Lisa’s Brazilian home was an apartment in a massive complex made up of six 30-story buildings with soccer fields, basketball courts, a dance studio, two pools, green spaces and lots of security guards with guns. Quite a change from Danville. 

 

Half of the students at her English-speaking international school were expats from around the world, so everyone was in the same boat, adapting and bonding as they went through the experience together, helping each other along.

 

Lisa experienced Brazilian life, from the beautiful gowns she and her friends rented for friends’ quinceaneras — celebration of a girl’s 15th birthday — to being picked up by her friends’ family drivers.  “Like personalized Uber – without an app,” she laughs.

 

On an unforgettable New Year’s Eve in Rio de Janeiro, her family watched fireworks over Copacabana and Ipanema beaches. Lisa laughs that they were surprised to walk out of their hotel to find everyone wearing traditional white from head to toe. Hurrying back, they found white clothes to put on. She remembers locals floating white flowers and candles out to sea that night as an offering to the goddess of the ocean. 

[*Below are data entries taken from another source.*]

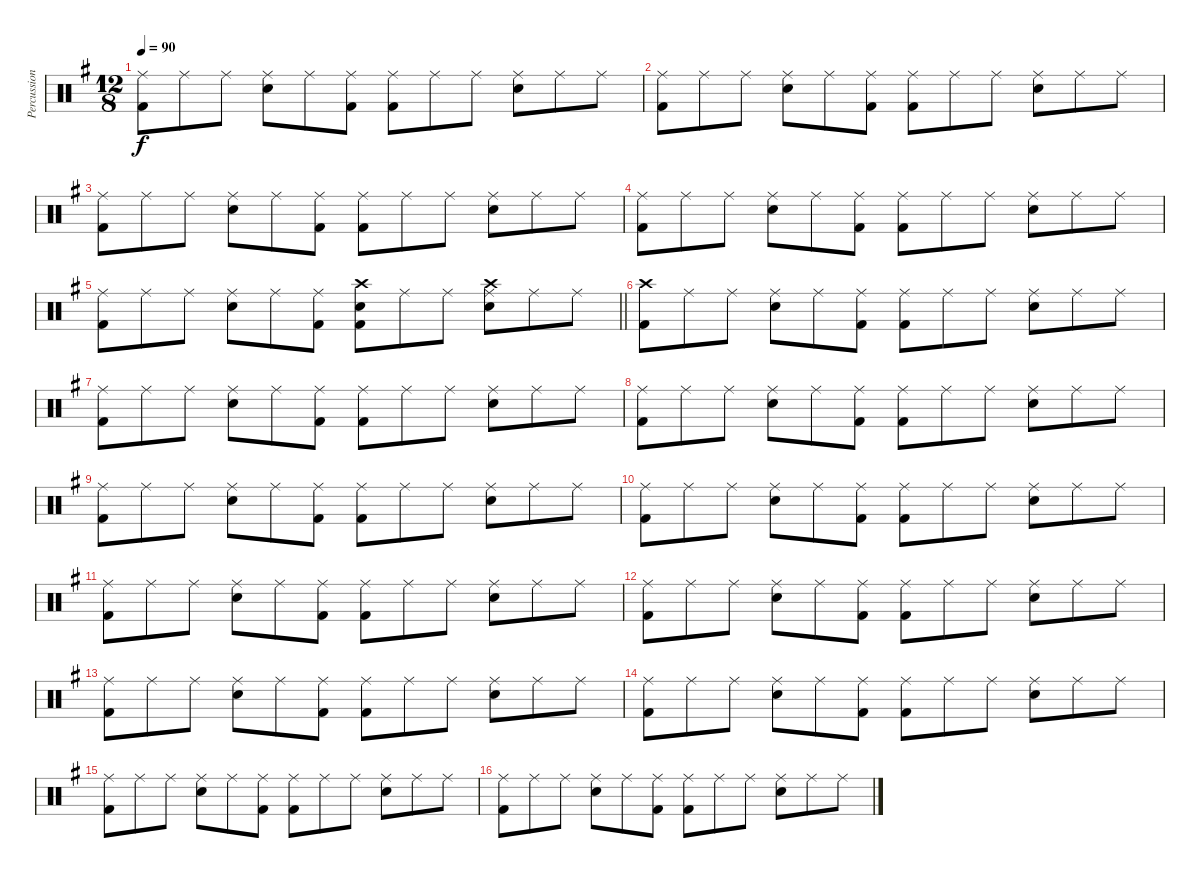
\track ("Percussion" "Percussion") {instrument percussion}
\staff {score}
\articulation defaults
\ts (12 8)
\tempo 90
\clef neutral
\ks g
("Ride (middle)" "Kick (hit) 2").8{dy f} "Ride (middle)".8 "Ride (middle)".8 ("Ride (middle)" "Snare (hit) 2").8 "Ride (middle)".8 ("Ride (middle)" "Kick (hit) 2").8 ("Ride (middle)" "Kick (hit) 2").8 "Ride (middle)".8 "Ride (middle)".8 ("Ride (middle)" "Snare (hit) 2").8 "Ride (middle)".8 "Ride (middle)".8 |
("Ride (middle)" "Kick (hit) 2").8 "Ride (middle)".8 "Ride (middle)".8 ("Ride (middle)" "Snare (hit) 2").8 "Ride (middle)".8 ("Ride (middle)" "Kick (hit) 2").8 ("Ride (middle)" "Kick (hit) 2").8 "Ride (middle)".8 "Ride (middle)".8 ("Ride (middle)" "Snare (hit) 2").8 "Ride (middle)".8 "Ride (middle)".8 |
("Ride (middle)" "Kick (hit) 2").8 "Ride (middle)".8 "Ride (middle)".8 ("Ride (middle)" "Snare (hit) 2").8 "Ride (middle)".8 ("Ride (middle)" "Kick (hit) 2").8 ("Ride (middle)" "Kick (hit) 2").8 "Ride (middle)".8 "Ride (middle)".8 ("Ride (middle)" "Snare (hit) 2").8 "Ride (middle)".8 "Ride (middle)".8 |
("Ride (middle)" "Kick (hit) 2").8 "Ride (middle)".8 "Ride (middle)".8 ("Ride (middle)" "Snare (hit) 2").8 "Ride (middle)".8 ("Ride (middle)" "Kick (hit) 2").8 ("Ride (middle)" "Kick (hit) 2").8 "Ride (middle)".8 "Ride (middle)".8 ("Ride (middle)" "Snare (hit) 2").8 "Ride (middle)".8 "Ride (middle)".8 |
\barLineRight lightlight
("Ride (middle)" "Kick (hit) 2").8 "Ride (middle)".8 "Ride (middle)".8 ("Ride (middle)" "Snare (hit) 2").8 "Ride (middle)".8 ("Ride (middle)" "Kick (hit) 2").8 ("Crash high (hit)" "Snare (hit) 2" "Kick (hit) 2").8 "Ride (middle)".8 "Ride (middle)".8 ("Ride (middle)" "Crash high (hit)" "Snare (hit) 2").8 "Ride (middle)".8 "Ride (middle)".8 |
("Crash high (hit)" "Kick (hit) 2").8 "Ride (middle)".8 "Ride (middle)".8 ("Ride (middle)" "Snare (hit) 2").8 "Ride (middle)".8 ("Ride (middle)" "Kick (hit) 2").8 ("Ride (middle)" "Kick (hit) 2").8 "Ride (middle)".8 "Ride (middle)".8 ("Ride (middle)" "Snare (hit) 2").8 "Ride (middle)".8 "Ride (middle)".8 |
("Ride (middle)" "Kick (hit) 2").8 "Ride (middle)".8 "Ride (middle)".8 ("Ride (middle)" "Snare (hit) 2").8 "Ride (middle)".8 ("Ride (middle)" "Kick (hit) 2").8 ("Ride (middle)" "Kick (hit) 2").8 "Ride (middle)".8 "Ride (middle)".8 ("Ride (middle)" "Snare (hit) 2").8 "Ride (middle)".8 "Ride (middle)".8 |
("Ride (middle)" "Kick (hit) 2").8 "Ride (middle)".8 "Ride (middle)".8 ("Ride (middle)" "Snare (hit) 2").8 "Ride (middle)".8 ("Ride (middle)" "Kick (hit) 2").8 ("Ride (middle)" "Kick (hit) 2").8 "Ride (middle)".8 "Ride (middle)".8 ("Ride (middle)" "Snare (hit) 2").8 "Ride (middle)".8 "Ride (middle)".8 |
("Ride (middle)" "Kick (hit) 2").8 "Ride (middle)".8 "Ride (middle)".8 ("Ride (middle)" "Snare (hit) 2").8 "Ride (middle)".8 ("Ride (middle)" "Kick (hit) 2").8 ("Ride (middle)" "Kick (hit) 2").8 "Ride (middle)".8 "Ride (middle)".8 ("Ride (middle)" "Snare (hit) 2").8 "Ride (middle)".8 "Ride (middle)".8 |
("Ride (middle)" "Kick (hit) 2").8 "Ride (middle)".8 "Ride (middle)".8 ("Ride (middle)" "Snare (hit) 2").8 "Ride (middle)".8 ("Ride (middle)" "Kick (hit) 2").8 ("Ride (middle)" "Kick (hit) 2").8 "Ride (middle)".8 "Ride (middle)".8 ("Ride (middle)" "Snare (hit) 2").8 "Ride (middle)".8 "Ride (middle)".8 |
("Ride (middle)" "Kick (hit) 2").8 "Ride (middle)".8 "Ride (middle)".8 ("Ride (middle)" "Snare (hit) 2").8 "Ride (middle)".8 ("Ride (middle)" "Kick (hit) 2").8 ("Ride (middle)" "Kick (hit) 2").8 "Ride (middle)".8 "Ride (middle)".8 ("Ride (middle)" "Snare (hit) 2").8 "Ride (middle)".8 "Ride (middle)".8 |
("Ride (middle)" "Kick (hit) 2").8 "Ride (middle)".8 "Ride (middle)".8 ("Ride (middle)" "Snare (hit) 2").8 "Ride (middle)".8 ("Ride (middle)" "Kick (hit) 2").8 ("Ride (middle)" "Kick (hit) 2").8 "Ride (middle)".8 "Ride (middle)".8 ("Ride (middle)" "Snare (hit) 2").8 "Ride (middle)".8 "Ride (middle)".8 |
("Ride (middle)" "Kick (hit) 2").8 "Ride (middle)".8 "Ride (middle)".8 ("Ride (middle)" "Snare (hit) 2").8 "Ride (middle)".8 ("Ride (middle)" "Kick (hit) 2").8 ("Ride (middle)" "Kick (hit) 2").8 "Ride (middle)".8 "Ride (middle)".8 ("Ride (middle)" "Snare (hit) 2").8 "Ride (middle)".8 "Ride (middle)".8 |
("Ride (middle)" "Kick (hit) 2").8 "Ride (middle)".8 "Ride (middle)".8 ("Ride (middle)" "Snare (hit) 2").8 "Ride (middle)".8 ("Ride (middle)" "Kick (hit) 2").8 ("Ride (middle)" "Kick (hit) 2").8 "Ride (middle)".8 "Ride (middle)".8 ("Ride (middle)" "Snare (hit) 2").8 "Ride (middle)".8 "Ride (middle)".8 |
("Ride (middle)" "Kick (hit) 2").8 "Ride (middle)".8 "Ride (middle)".8 ("Ride (middle)" "Snare (hit) 2").8 "Ride (middle)".8 ("Ride (middle)" "Kick (hit) 2").8 ("Ride (middle)" "Kick (hit) 2").8 "Ride (middle)".8 "Ride (middle)".8 ("Ride (middle)" "Snare (hit) 2").8 "Ride (middle)".8 "Ride (middle)".8 |
("Ride (middle)" "Kick (hit) 2").8 "Ride (middle)".8 "Ride (middle)".8 ("Ride (middle)" "Snare (hit) 2").8 "Ride (middle)".8 ("Ride (middle)" "Kick (hit) 2").8 ("Ride (middle)" "Kick (hit) 2").8 "Ride (middle)".8 "Ride (middle)".8 ("Ride (middle)" "Snare (hit) 2").8 "Ride (middle)".8 "Ride (middle)".8

On a trip to the Amazon, the family stayed in a hotel on stilts above the Rio Negro, fishing for piranha and eating it for dinner. On a visit to a local tribe they enjoyed native dances and trying the local food.

 

Leaving her close friends in Brazil was hard when the family later moved to Atlanta. But Lisa and her friends kept in touch, talking on the phone, taking beach trips to Florida, snowboarding in Colorado, visiting in Connecticut, even attending one another’s weddings.

 

As a result of the time in Brazil, Lisa says,“I’m more open than some people who never left their hometown. I’m adaptable when it comes to meeting people. Moving around forces you into different interactions and you have to build new relationships over and over again. Now I’ve come to enjoy that.”

 

While majoring in international marketing and Spanish at the University of Georgia, Lisa studied abroad in Valencia, Spain, spending spring break in Greece, backpacking to 18 European cities in 30 days and seeing the alpine skiing event at the 2006 Winter Olympics in Turin, Italy. 

 

Most memorable was “canyoning” in Interlaken, Switzerland, where participants descend a canyon by navigating streams or waterfalls through a mix of sliding, jumping, swimming, walking, climbing and rappelling.

 

After graduation, Lisa took a job in Chicago with Colgate, not knowing anyone there, but remembering that good things come from venturing into the unknown. Six years ago, work brought her to Northwest Arkansas, where she is now director of sales, Walmart, for Nestle Coffee Partners. When she married husband Derick in 2017, they honeymooned in Bora Bora.

 

Lisa says life in Northwest Arkansas is like an expat experience in the United States, “because everybody’s here for almost the same reason. Everybody’s been in your shoes before and everybody is so welcoming. That’s part of the reason I fell in love with the area.”